Significance. If the low-loss connectivity premise holds for malware models, FreeMOCA offers a practical, replay-free alternative for handling the high volume of new malware samples, which is valuable for resource-constrained antivirus systems. The open-sourced code is a positive factor for reproducibility. The result would be significant for continual learning in security domains if the central assumption is empirically supported.

major comments (2)

[Method section (around the interpolation description)] The central claim in the method description rests on the premise that warm-started task optima are connected by low-loss paths in parameter space, enabling interpolation to avoid forgetting. No empirical verification is provided, such as loss curves or barrier analysis along the interpolation path on held-out prior-task data for the EMBER and AZ feature distributions and model architectures. This check is load-bearing because domain shifts in malware data can induce barriers that would invalidate the interpolation step.
[Evaluation and results section] The quantitative results section reports outperformance over 11 baselines and specific accuracy/retention gains but provides no error bars, statistical significance tests, or full details on baseline implementations and the exact adaptive interpolation procedure. Without these, the robustness of the claimed 42% and 37% improvements cannot be assessed.

minor comments (2)

[Abstract] The abstract could briefly clarify how layer-wise adaptation is computed (e.g., the selection criterion for interpolation weights).
[Results tables and figures] Ensure all tables include standard deviations or confidence intervals and that figure captions fully describe the plotted quantities.

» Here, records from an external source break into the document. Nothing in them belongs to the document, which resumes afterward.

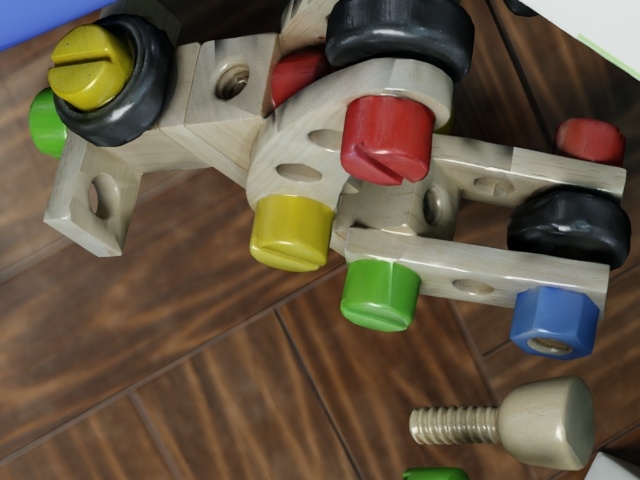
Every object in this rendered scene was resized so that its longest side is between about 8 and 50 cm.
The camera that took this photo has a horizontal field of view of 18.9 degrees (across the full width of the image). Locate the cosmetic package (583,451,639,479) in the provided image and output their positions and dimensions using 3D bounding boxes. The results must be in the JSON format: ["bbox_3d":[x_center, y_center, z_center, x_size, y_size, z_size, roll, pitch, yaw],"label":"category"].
[{"bbox_3d":[0.227,0.264,0.908,0.155,0.365,0.197,25,92,-24],"label":"cosmetic package"}]

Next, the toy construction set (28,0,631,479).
[{"bbox_3d":[0.000,0.000,0.869,0.237,0.257,0.309,-5,90,27],"label":"toy construction set"}]

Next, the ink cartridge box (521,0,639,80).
[{"bbox_3d":[0.154,-0.229,0.831,0.207,0.353,0.119,30,133,-22],"label":"ink cartridge box"}]

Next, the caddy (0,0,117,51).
[{"bbox_3d":[-0.178,-0.214,0.721,0.179,0.241,0.341,-20,109,-19],"label":"caddy"}]

Simulated Author's Rebuttal

2 responses · 0 unresolved

We thank the referee for the detailed and constructive feedback on our paper. We address the major comments point by point below, agreeing to incorporate additional analyses and details to enhance the manuscript's rigor.

read point-by-point responses

Referee: [Method section (around the interpolation description)] The central claim in the method description rests on the premise that warm-started task optima are connected by low-loss paths in parameter space, enabling interpolation to avoid forgetting. No empirical verification is provided, such as loss curves or barrier analysis along the interpolation path on held-out prior-task data for the EMBER and AZ feature distributions and model architectures. This check is load-bearing because domain shifts in malware data can induce barriers that would invalidate the interpolation step.

Authors: We concur that providing empirical support for the low-loss path assumption is important, particularly given potential domain shifts in malware distributions. Although the original manuscript relies on this premise from prior continual learning literature, we will add a new subsection with barrier analysis and loss curves along interpolation paths using held-out data from previous tasks on both EMBER and AZ datasets. This will confirm the absence of significant barriers for the model architectures used. revision: yes
Referee: [Evaluation and results section] The quantitative results section reports outperformance over 11 baselines and specific accuracy/retention gains but provides no error bars, statistical significance tests, or full details on baseline implementations and the exact adaptive interpolation procedure. Without these, the robustness of the claimed 42% and 37% improvements cannot be assessed.

Authors: We agree that including error bars, statistical tests, and more implementation details will improve the reliability assessment of our results. In the revised version, we will report mean accuracies with standard deviations over 5 random seeds, include paired t-tests or similar for significance against baselines, provide expanded descriptions of how each baseline was implemented (with references to their original papers and our adaptations), and detail the exact adaptive layer-wise interpolation procedure, including how the interpolation coefficients are computed per layer. revision: yes

Circularity Check

0 steps flagged

No circularity: method applies external connectivity property without self-referential reduction

full rationale

The paper frames its core mechanism as leveraging the known property that warm-started task optima lie on low-loss paths, then applies adaptive layer-wise interpolation for continual learning on malware benchmarks. No equations, fitted parameters, or self-citations are shown reducing the claimed predictions or gains to the inputs by construction. The derivation remains an application of an external fact to the EMBER/AZ tasks, with reported empirical outperformance serving as independent validation rather than tautological output.

Axiom & Free-Parameter Ledger

0 free parameters · 1 axioms · 0 invented entities

The approach rests on the domain assumption of low-loss connectivity between task optima; no free parameters or invented entities are mentioned in the abstract.

axioms (1)

domain assumption Warm-started task optima are connected by low-loss paths in parameter space
This property is invoked to justify the effectiveness of interpolation without memory replay.

pith-pipeline@v0.9.0 · 5540 in / 1200 out tokens · 40733 ms · 2026-05-15T05:30:21.924811+00:00 · methodology

Review history (2 revisions) →

discussion (0)

Lean theorems connected to this paper

Citations machine-checked in the Pith Canon. Every link opens the source theorem in the public Lean library.

IndisputableMonolith/Cost/FunctionalEquation.lean washburn_uniqueness_aczel unclear

?

unclear
Relation between the paper passage and the cited Recognition theorem.

FreeMOCA leverages Linear Mode Connectivity (LMC), which suggests that different solutions can be connected through low-loss paths... warm-started task optima are connected by low-loss paths in parameter space.
IndisputableMonolith/Foundation/RealityFromDistinction.lean reality_from_one_distinction unclear

?

unclear
Relation between the paper passage and the cited Recognition theorem.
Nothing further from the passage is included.